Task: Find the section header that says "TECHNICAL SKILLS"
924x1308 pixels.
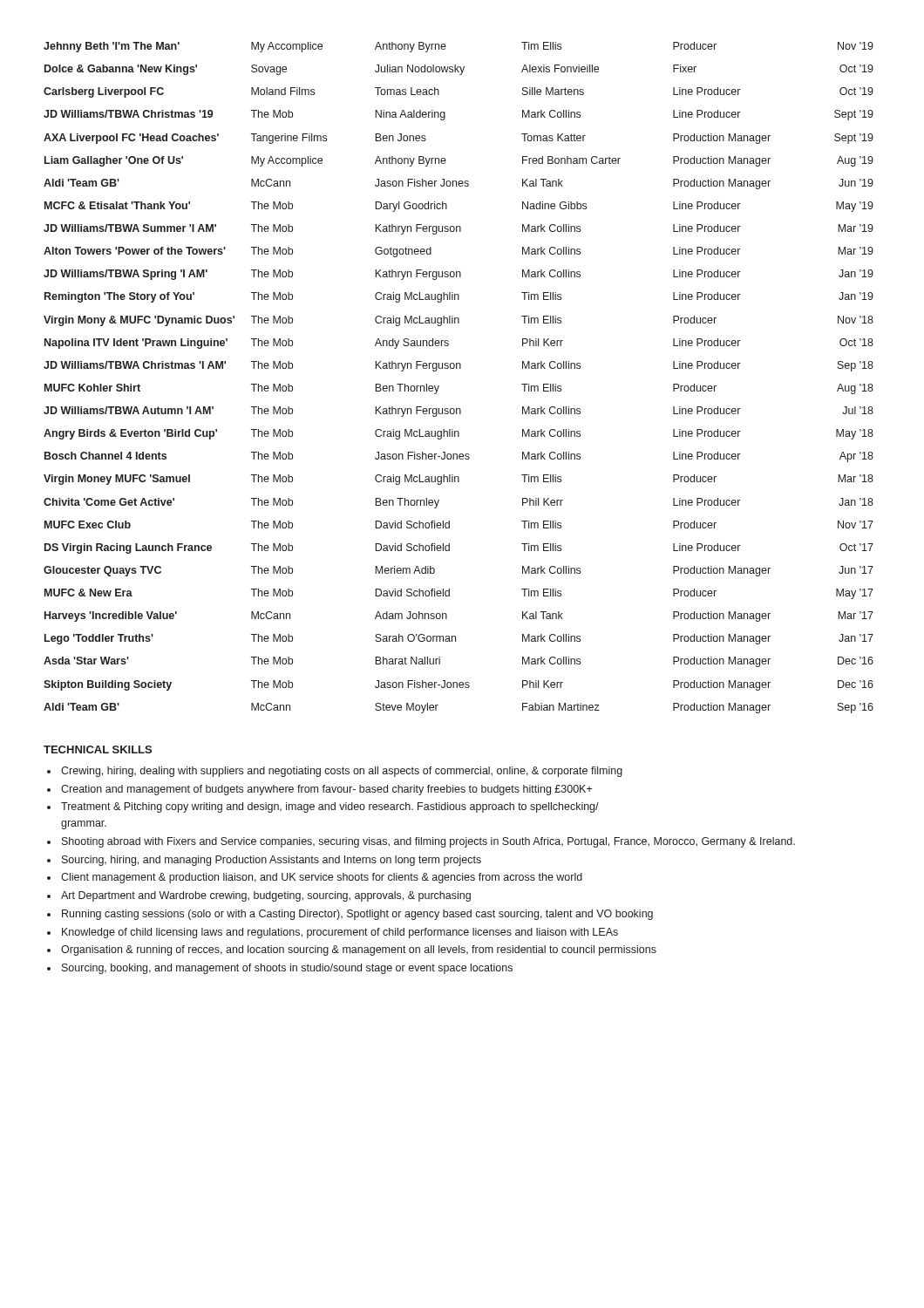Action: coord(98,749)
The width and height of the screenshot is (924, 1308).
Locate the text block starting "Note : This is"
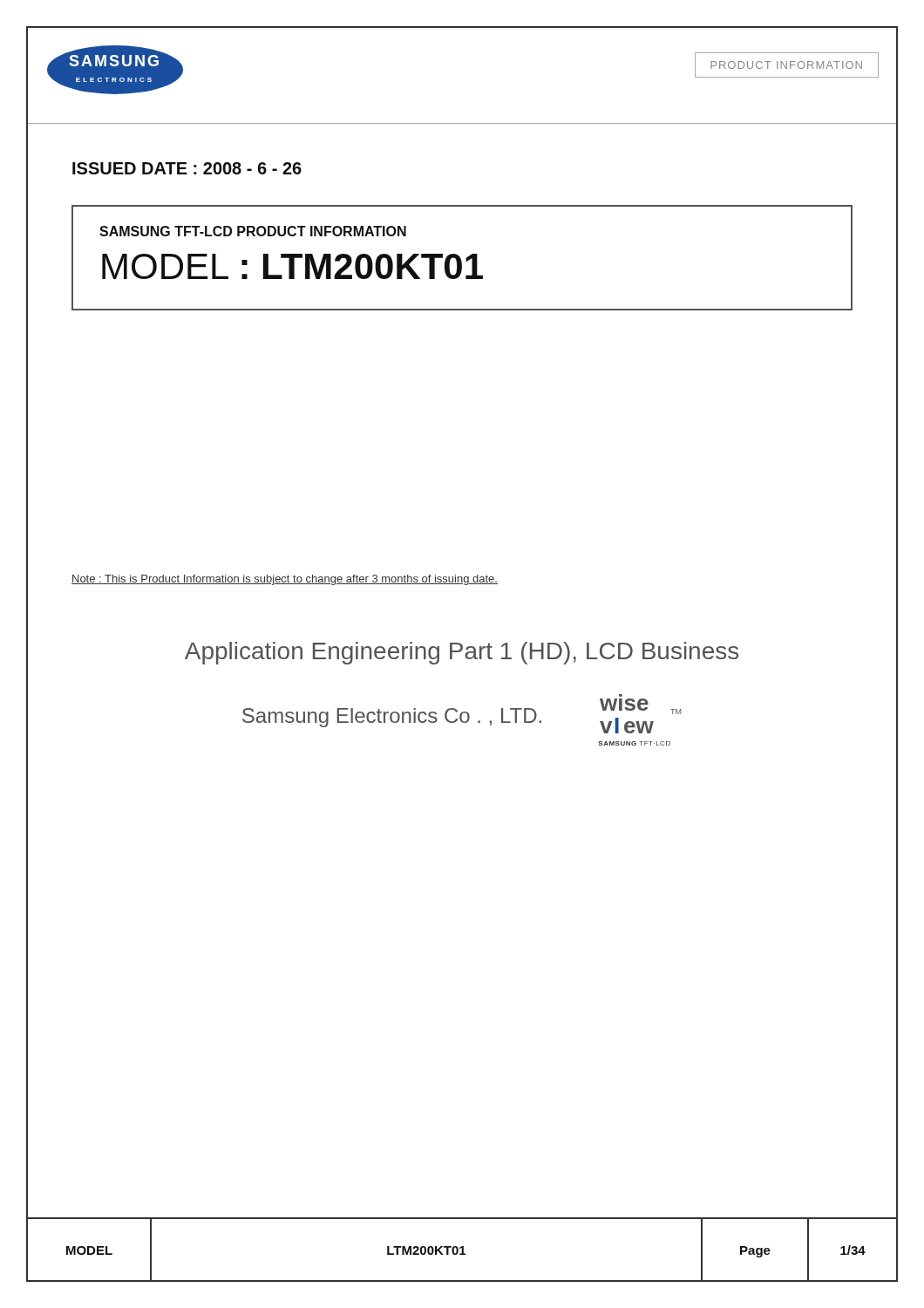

○ ○ ○

THE PROBLEM:
Lines from the one that contains "924x1308 pixels." to the final line of the material are the whole answer. Reproduce them word for word and skip the pictures.

OUTPUT BELOW:
924x1308 pixels.
Action: coord(98,749)
The width and height of the screenshot is (924, 1308).
Locate the text block starting "Note : This is"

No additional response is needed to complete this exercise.